Namens de Staatssecretaris is de bestreden beslissing als volgt toegelicht.
Klager heeft zich tijdens zijn huidige detentie tweemaal aan detentie onttrokken. Ook maakte hij zich schuldig aan nieuwe feiten. De reclassering meldt dat de kans op recidive door hen niet kan worden verminderd. Klager heeft ook geen hulpvragen of
wens
tot gedragsverandering. Het is gelet op de kans op onttrekking van detentie naar aanleiding van de ervaringen en de kans op het plegen van nieuwe delicten onwenselijk om aan klager vrijheden te verlenen.
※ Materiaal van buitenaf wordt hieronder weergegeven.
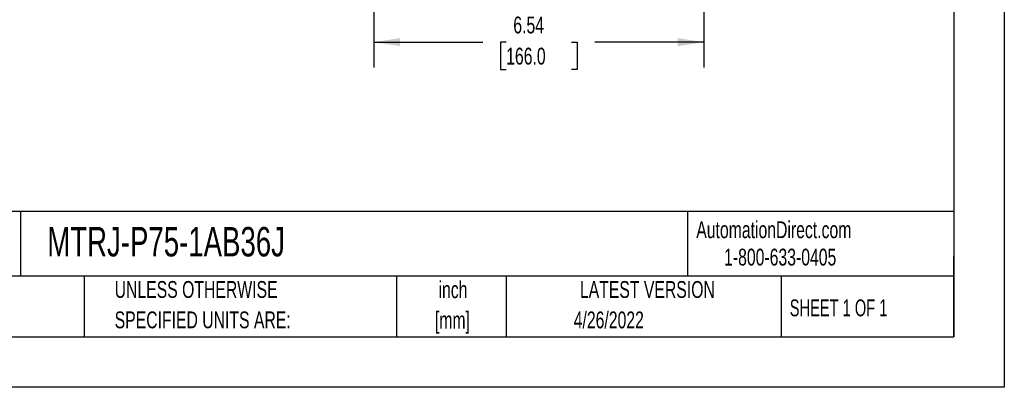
# Model space of a CAD drawing. Header units: inches. Extents: x 0 to 44, y 0 to 34.
# Tile 9 of 21: x 24.5 to 44, y 0 to 7.3. Entities that reach past the tile are written whole.
import ezdxf

# ---------------------------------------------------------------- set-up
doc = ezdxf.new("R2010")
doc.units = ezdxf.units.IN
doc.header["$LTSCALE"] = 4
doc.header["$MEASUREMENT"] = 0
doc.linetypes.add('CENTERX2', pattern=[0.8, 0.5, -0.1, 0.1, -0.1])
doc.layers.add('DIMENSIONS', color=140, linetype='Continuous', lineweight=25)
doc.layers.add('TEXT', color=140, linetype='Continuous', lineweight=25)
doc.styles.add('SLDTEXTSTYLE0', font='TXT', dxfattribs={"width": 0.7})
doc.styles.add('SLDTEXTSTYLE1', font='TXT', dxfattribs={"width": 0.65})
doc.dimstyles.new('SLDDIMSTYLE1', dxfattribs={"dimtxt": 0.339844, "dimasz": 0.52, "dimexe": 0, "dimexo": 0.0625, "dimgap": 0.084961, "dimtad": 0, "dimtih": 1, "dimtoh": 1, "dimrnd": 1e-09, "dimzin": 12, "dimdsep": 46, "dimtxsty": 'SLDTEXTSTYLE0', "dimsah": 1, "dimcen": 0.09, "dimadec": 0, "dimazin": 3, "dimtfac": 1, "dimtofl": 0, "dimtmove": 0, "dimatfit": 3, "dimfxl": 0, "dimfrac": 2, "dimtolj": 1, "dimtzin": 12, "dimarcsym": 0})

# ---------------------------------------------------------------- blocks, each defined once
blk = doc.blocks.new('SW_NOTE_0_1')
at = {"layer": 'TEXT', "color": 0, "linetype": 'CENTERX2', "lineweight": 18, "char_height": 0.3333, "attachment_point": 2, "style": 'SLDTEXTSTYLE0'}
for s, insert in [('inch', (0.5, 0.43)), ('[mm]', (0.489, -0.172))]:
    blk.add_mtext(s, dxfattribs=dict(at, insert=insert))
blk = doc.blocks.new('SW_NOTE_0_2')
at = {"layer": 'TEXT', "color": 0, "linetype": 'CENTERX2', "lineweight": 18, "char_height": 0.33333, "attachment_point": 1, "style": 'SLDTEXTSTYLE0'}
for s, insert in [('UNLESS OTHERWISE', (0, 0.43)), ('SPECIFIED UNITS ARE:', (0, -0.172))]:
    blk.add_mtext(s, dxfattribs=dict(at, insert=insert))
blk = doc.blocks.new('_D_3')
at = {"layer": 'DIMENSIONS'}
for p, q in [((31.521, 9.811), (31.521, 9.335)), ((38.057, 9.811), (38.057, 6.336)), ((31.521, 9.095), (31.521, 6.336)), ((31.521, 6.836), (33.682, 6.836)), ((34.143, 6.836), (34.028, 6.836)), ((34.028, 6.836), (34.028, 6.296)), ((35.435, 6.836), (35.549, 6.836)), ((35.549, 6.836), (35.549, 6.296)), ((38.057, 6.836), (35.896, 6.836)), ((34.028, 6.296), (34.143, 6.296)), ((35.549, 6.296), (35.435, 6.296))]:
    blk.add_line(p, q, dxfattribs=at)
for points in [[(31.521, 6.836), (32.041, 6.756), (32.041, 6.916)], [(38.057, 6.836), (37.537, 6.916), (37.537, 6.756)]]:
    blk.add_solid(points, dxfattribs=at)
at = {"layer": 'DIMENSIONS', "char_height": 0.3333, "attachment_point": 1, "style": 'SLDTEXTSTYLE0'}
for s, insert in [('6.54', (34.284, 7.342)), ('166.0', (34.143, 6.726))]:
    blk.add_mtext(s, dxfattribs=dict(at, insert=insert))

msp = doc.modelspace()

# ---------------------------------------------------------------- linework, layer by layer
at = {"color": 7, "linetype": 'Continuous'}
for p, q in [((44.000389, 34.000421), (44.000389, 0.000421)), ((44.000389, 0.000421), (0.000389, 0.000421))]:
    msp.add_line(p, q, dxfattribs=at)
at = {"layer": 'TEXT'}
for p, q in [((43, 33), (43, 1)), ((43, 3.484426), (1, 3.484426)), ((24.52896, 3.484426), (24.52896, 2.2)), ((37.728406, 3.484426), (37.728406, 2.2)), ((43, 1), (43, 2.6)), ((43, 2.2), (1, 2.2)), ((25.792154, 2.2), (25.792154, 1)), ((31.972331, 2.2), (31.972331, 1)), ((34.143637, 2.2), (34.143637, 1)), ((39.58248, 2.2), (39.58248, 1)), ((1, 1), (43, 1))]:
    msp.add_line(p, q, dxfattribs=at)

# ---------------------------------------------------------------- block references
at = {"layer": 'TEXT', "linetype": 'CENTERX2', "lineweight": 18}
for name, p in [('SW_NOTE_0_2', (26.394947, 1.674877)), ('SW_NOTE_0_1', (32.590394, 1.670381))]:
    msp.add_blockref(name, p, dxfattribs=at)

# ---------------------------------------------------------------- texts
for s, insert, char_height, attachment_point, style in [('MTRJ-P75-1AB36J', (25.061591, 3.175832), 0.58333333, 1, 'SLDTEXTSTYLE0'), ('AutomationDirect.com', (37.904718, 3.287643), 0.33333333, 1, 'SLDTEXTSTYLE0'), ('1-800-633-0405', (38.455367, 2.745988), 0.33333333, 1, 'SLDTEXTSTYLE0'), ('LATEST VERSION', (36.937344, 2.104566), 0.33333333, 2, 'SLDTEXTSTYLE0'), ('SHEET 1 OF 1', (39.754533, 1.740392), 0.33333333, 1, 'SLDTEXTSTYLE1'), ('4/26/2022', (36.173463, 1.502039), 0.3333333, 2, 'SLDTEXTSTYLE0')]:
    msp.add_mtext(s, dxfattribs=dict(at, insert=insert, char_height=char_height, attachment_point=attachment_point, style=style))

# ---------------------------------------------------------------- dimensions: what is measured, and where the dimension line sits
at = {"layer": 'DIMENSIONS'}
dim = msp.add_linear_dim(base=(38.05655, 6.835962), p1=(31.521117, 10.011178), p2=(38.05655, 10.011178), dimstyle='SLDDIMSTYLE1', dxfattribs=at)
dim.commit()
dim.dimension.update_dxf_attribs({"geometry": '_D_3', "text_midpoint": (34.788834, 6.835962), "dimtype": 160})

doc.saveas('drawing.dxf')

Op klagers verlofaanvraag zijn de volgende adviezen uitgebracht.
De directeur van de locatie Zuyder Bos te Heerhugowaard heeft negatief geadviseerd ten aanzien van de verlofaanvraag.
De politie Amsterdam heeft negatief geadviseerd ten aanzien van de verlofaanvraag. Klager heeft als verlofadres het adres van zijn ouders opgegeven. Gezien zijn persoonlijkheid zullen zijn ouders vermoedelijk weinig invloed op klager hebben. Klager is
tijdens een eerder verlof niet teruggekeerd. Gezien klagers persoonlijkheid en de gebleken onbetrouwbaarheid in het nakomen van afspraken is er een ernstig vermoeden dat hij zich opnieuw aan detentie zal proberen te onttrekken en mogelijk strafbare
feiten zal plegen. Klager heeft in het verleden diefstallen en oplichtingen gepleegd waarbij ouderen het slachtoffer waren. Het opgegeven verlofadres is gelegen in een wijk waar relatief veel ouderen wonen. Met betrekking tot het plegen van dit soort
delicten is er op dit moment sprake van enige maatschappelijke onrust. Klager is bekend met agressiviteit en gewelddadigheid. Tijdens de laatste aanhouding in het gebied waar ook het opgegeven verlofadres ligt, is klager aangehouden wegens het niet
terugkeren na verlof, en heeft klager een politieambtenaar ernstig bedreigd en mishandeld. Er bestaat derhalve kans op een ongewenste confrontatie met het slachtoffer. Het verlenen van verlof zal een gevoel van onrecht teweegbrengen bij het
slachtoffer.
Gezien het voorgaande is er geen sprake van een aanvaardbaar verlofadres.

3. De beoordeling
Klager ondergaat 175 dagen vervangende hechtenis op grond van de wet Terwee. Aansluitend dient hij eventueel meerdere hechtenissen te ondergaan van in totaal 145 dagen. Klagers einddatum valt op of omstreeks 26 juli 2011.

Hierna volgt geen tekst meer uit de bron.